In the last two months we’ve had two big maintenance windows. During this time we had to queue messages and bring most services down. This caused significant delays (up to 30 minutes) for the important, time sensitive emails that you need to get to customers. Even though it was a planned maintenance, our goal is to perform zero downtime maintenance windows. I’d like to give some background on what happened and what we need to do next.
The majority of Postmark’s infrastructure resides in a data center where we purchase and manage the hardware. This has allowed us to have full control over the growth and performance of the product over time.

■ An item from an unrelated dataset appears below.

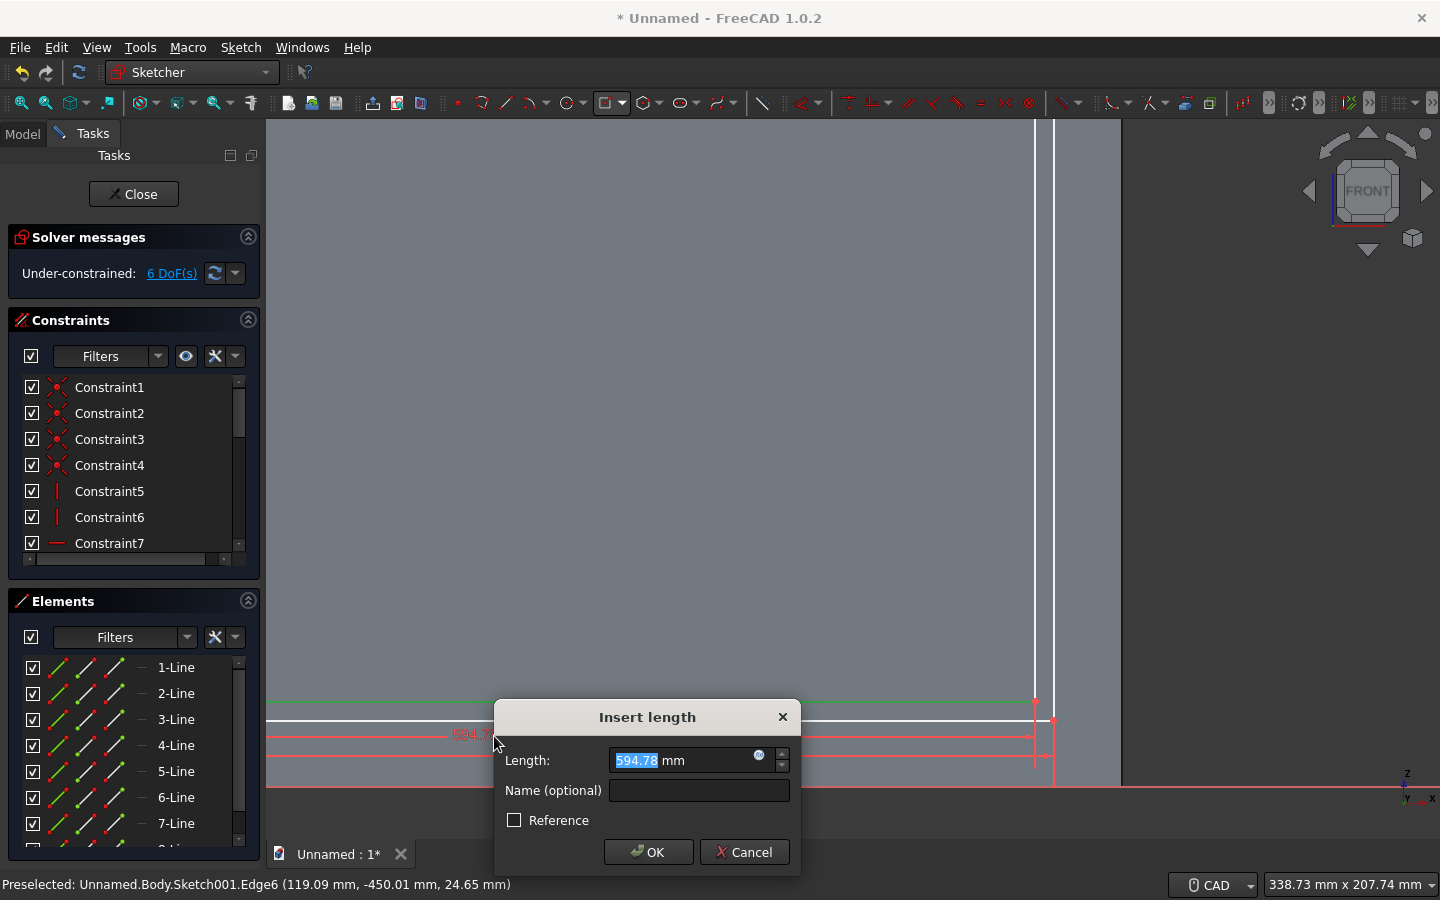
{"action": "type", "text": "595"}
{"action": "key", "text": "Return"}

We’ve had the opportunity to be very specific in our needs, whether it is NVMe drives for mail servers or MySQL performance, or 10GbE networking across our cabinets.

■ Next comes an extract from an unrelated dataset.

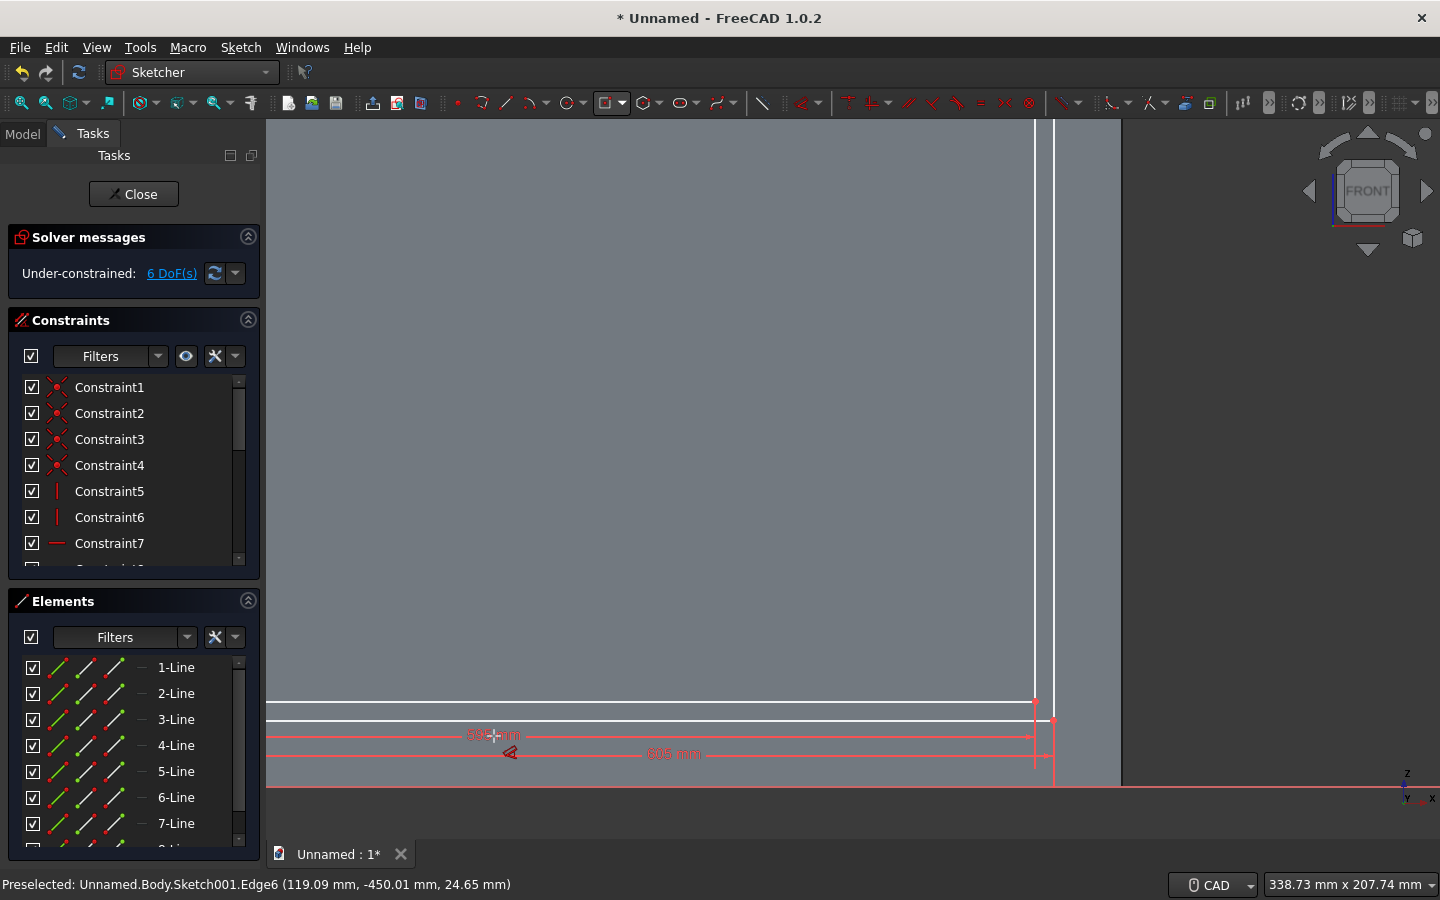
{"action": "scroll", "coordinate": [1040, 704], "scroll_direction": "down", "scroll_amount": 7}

This year, we realized we’d need to upgrade the physical firewalls in our cabinets to keep up with the demand as Postmark grows. We invested in new cabinets, a brand new Juniper networking stack, much more powerful firewalls, and more hardware to sustain the growth. Overall it’s been fantastic. We’ve nearly doubled our growth and maintained our internal expectations for time to inbox and performance.
The last effort is to migrate over to our new firewalls. While in many cases this might be simple, we have many years of history on the current firewalls and needed to be careful. We knew this would be complicated and we knew it would require at least a short outage. Working together with our provider, Server Central, we planned the cut over for November 13th. It didn’t go well. After the cut over we realized some of the routes were not working, so we reverted. Fortunately we used our edge data centers to capture messages and queue them to avoid any lost data.
After a lot of testing, and breaking out the migrations into smaller pieces, we gave the final cut over another shot on December 27th. It went really well, except for one important subnet, which caused us to revert again. During this time we saved and queued messages again for about 30 minutes, but as I said earlier, these delays are not up to our standards.
One more time #
This has been a frustrating project internally. Not only from the issues it causes you, our customers, but the time it has taken from our team. This firewall cut over will offer huge room for growth and sets us up for a larger global data center expansion beyond our current edge networks. It will also allow future work that will avoid this kind of maintenance altogether. We are at the point where we need to finalize it, and we think we have the last pieces to make it work.
We’d like to give it one more shot on January 4th (10pm ET). Our hope is to have the outage down to 15 minutes or so. We will queue all messages to be sent out once the maintenance is complete, but the web UI will be down.
I’m writing this to give you some background and let you know this is not an acceptable scenario for us either. It’s important for the growth of the product and for making sure we give you the most stable service imaginable. In other words, I’m asking for you to put up with this one more time so we can put it in the past. We already have projects in the works for expanding Postmark’s global footprint and conducting zero downtime maintenance windows. It’s what you should expect from an infrastructure service.
Thanks again for your patience through all of this.